Let's see, where do we start? The Fed didn't cut rates. No surprise there. They are handcuffed between spiraling inflation (headline inflation is at a 27 year high and core inflation is well outside of their 2% upside target), and a very weak economic outlook. Unemployment is approaching 6% and the housing market shows no sign of an upturn. If anything, I could see them cutting if the outlook gets much worse. It is worth pointing out that according to academic economics (which most of the Fed governors are devout followers of), inflation which is derived from rising commodity prices is outside of the control of monetary policy and should be treated as a one-time shock. This means that (according to academia) they should not adjust monetary policy to address the inflation the U.S. is experiencing. While I am not here to argue whether or not academia is correct in this thinking, it is an interesting thought to consider. I don't really see any action any time soon, because I feel the Fed wants to keep some "dry powder" if things really start weakening. I forecast 2% being the Fed Funds target rate into 2009. It should be pointed out that the Fed Fund futures do not agree with my analysis, as they are anticipating a probable hike in one of the next two months.

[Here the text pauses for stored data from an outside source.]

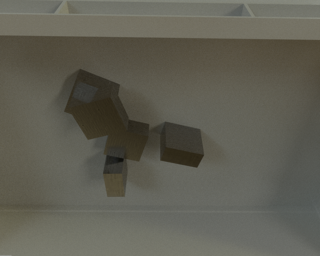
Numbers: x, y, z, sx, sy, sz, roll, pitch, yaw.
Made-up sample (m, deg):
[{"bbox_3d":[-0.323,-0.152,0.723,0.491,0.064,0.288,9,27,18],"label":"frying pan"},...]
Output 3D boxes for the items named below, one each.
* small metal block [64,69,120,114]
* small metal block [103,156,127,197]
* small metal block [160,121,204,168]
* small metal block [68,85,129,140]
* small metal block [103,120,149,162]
[{"bbox_3d":[-0.083,-0.037,0.377,0.050,0.025,0.050,20,127,-17],"label":"small metal block"},{"bbox_3d":[-0.063,0.064,0.446,0.025,0.050,0.050,0,130,0],"label":"small metal block"},{"bbox_3d":[0.028,0.022,0.411,0.050,0.050,0.025,12,129,-10],"label":"small metal block"},{"bbox_3d":[-0.070,-0.017,0.361,0.050,0.025,0.050,-13,129,10],"label":"small metal block"},{"bbox_3d":[-0.046,0.015,0.422,0.050,0.025,0.050,13,129,-11],"label":"small metal block"}]

Freddie Mac and AIG brought more bad news to the financial sector this week, posting losses well in excess of forecasts, with FRE losing over $800M and AIG losing in the range of $5.4B. I was in no way surprised by FRE's results, actually part of me was surprised they weren't worse, but I must admit I didn't see AIG coming. They had unrealized losses of $5.57B on their "super senior credit default swap portfolio". I don't like this at all. First off, what is an insurance company doing in the credit default swap market? Second, why were they on the wrong side? I must admit, long term, they will probably be able to write this portfolio back up once the value of the swaps decline, but they may have to take another big writedown next quarter. Makes me wonder how the are going to be able to meet obligations from any big disaster in the short term...

I think I see some pessimism creeping back into financials. But I am bearish, so perhaps I am just seeing want I want to see here. But I can't see the price of oil falling much below $115, so I see the crude-driven rally fading here.